Edinburgh means so much to me and is the source of many fond memories: enchanted by the costume wizardry of Ennio Marchetto, being handed a Kleenex from a stranger as I sobbed uncontrollably in Rosa Hesmondhalgh’s Madame Ovary, beaming after a friend snuck me in to watch a sold-out James Acaster gig from the lighting box – to name a few. It is not just the city in which I fell in love with theatre but also with my long-term boyfriend after we were both cast in the same youth theatre production in our teenage years. We have returned to the festival together every year since.

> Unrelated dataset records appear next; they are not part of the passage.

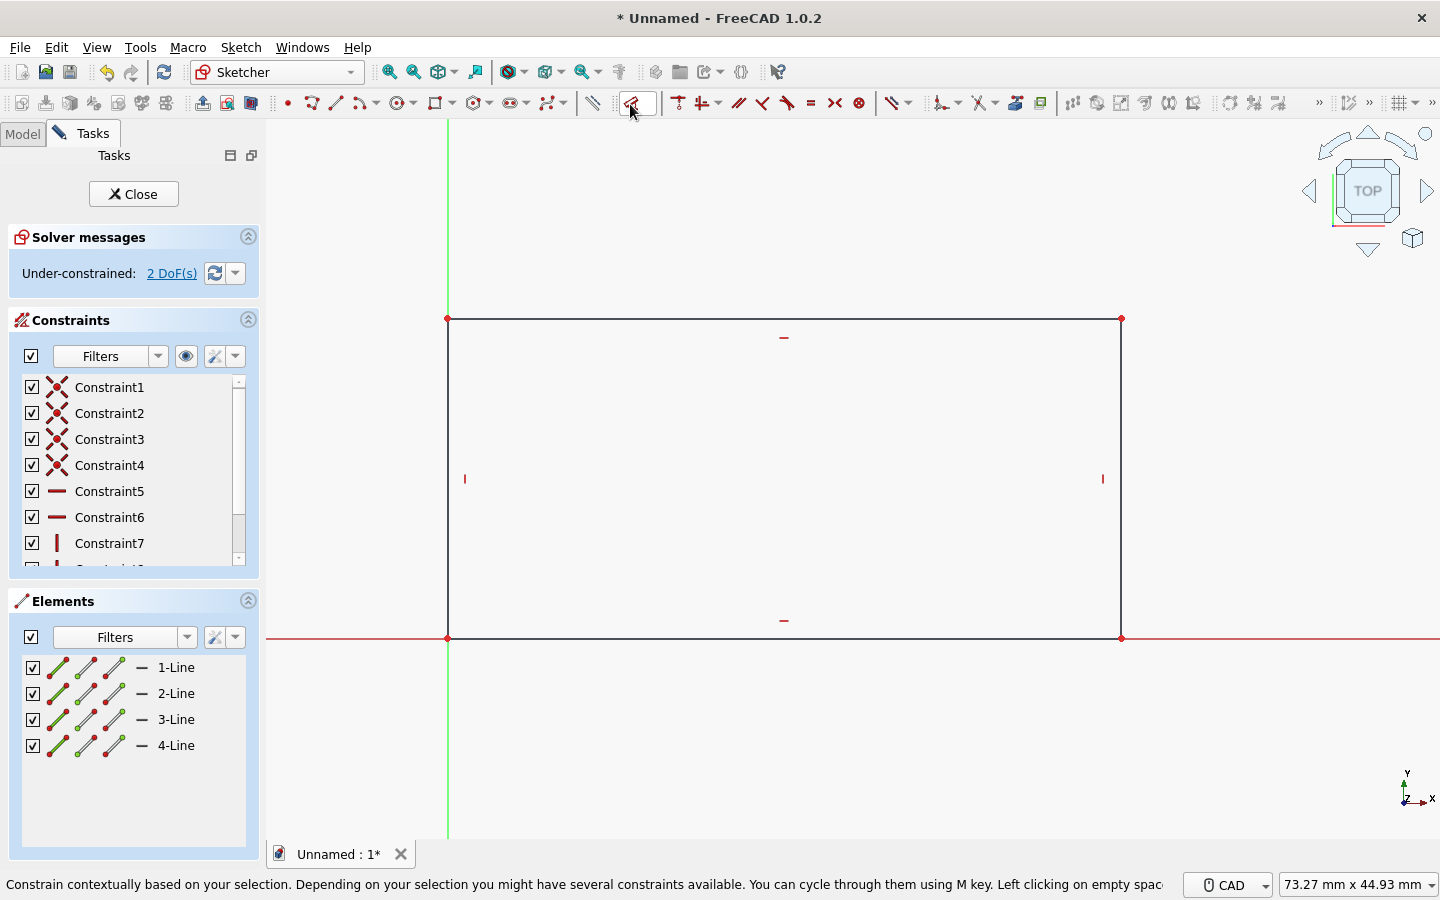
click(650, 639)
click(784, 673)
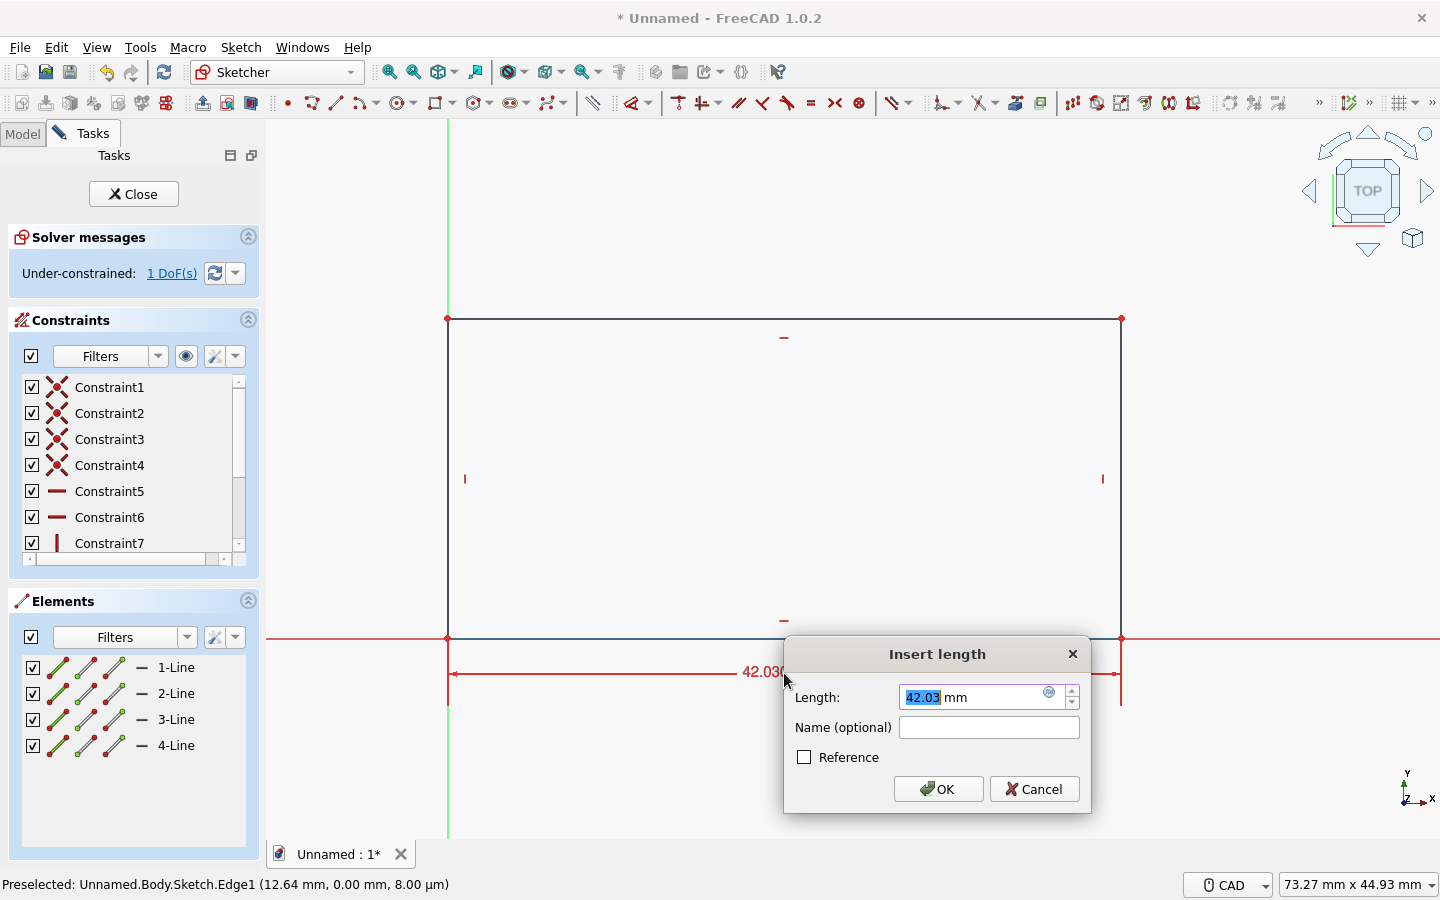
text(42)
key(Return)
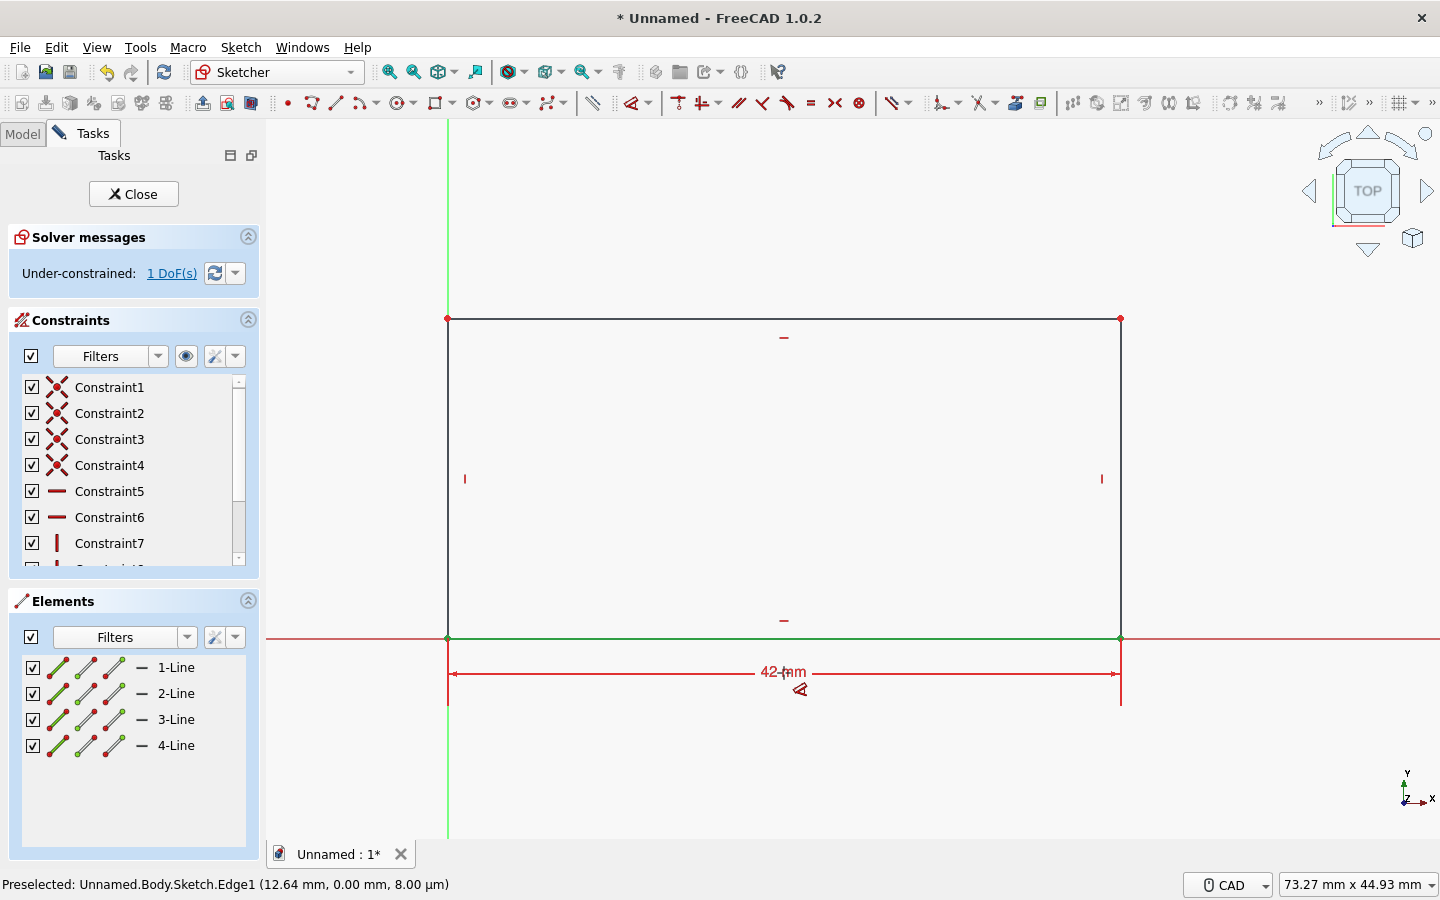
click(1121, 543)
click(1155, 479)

It is okay to be mourning Edinburgh. I will miss the glorious moment of pulling into Waverly station on July 28, the wobbly sensation of pre-show jitters, the scalding mac and cheese scoffed on the hoof to a show on the other side of Cowgate and even the thick film of sticky sweat that lingers in every unventilated venue. But let this year off galvanise introspection and action on how to cultivate a healthier and more diverse festival environment. I will be more vocal about the festival’s drawbacks when it is revered by artists. I will call out venues that perpetuate exclusivity and condemn their majority-white programming (readers, you can donate to Fringe of Colour, a charity that strives to combat the lack of representation of Black and Brown voices at the festival). I will implement further eco-practices in my work. Venues must also make a conscious effort to support non-fringe-going theatre makers to dismantle the Edinburgh-centric career progression of early-stage artists.

Yes, I fell out of love with the Edinburgh Festival Fringe, but distance can only make the heart grow fonder.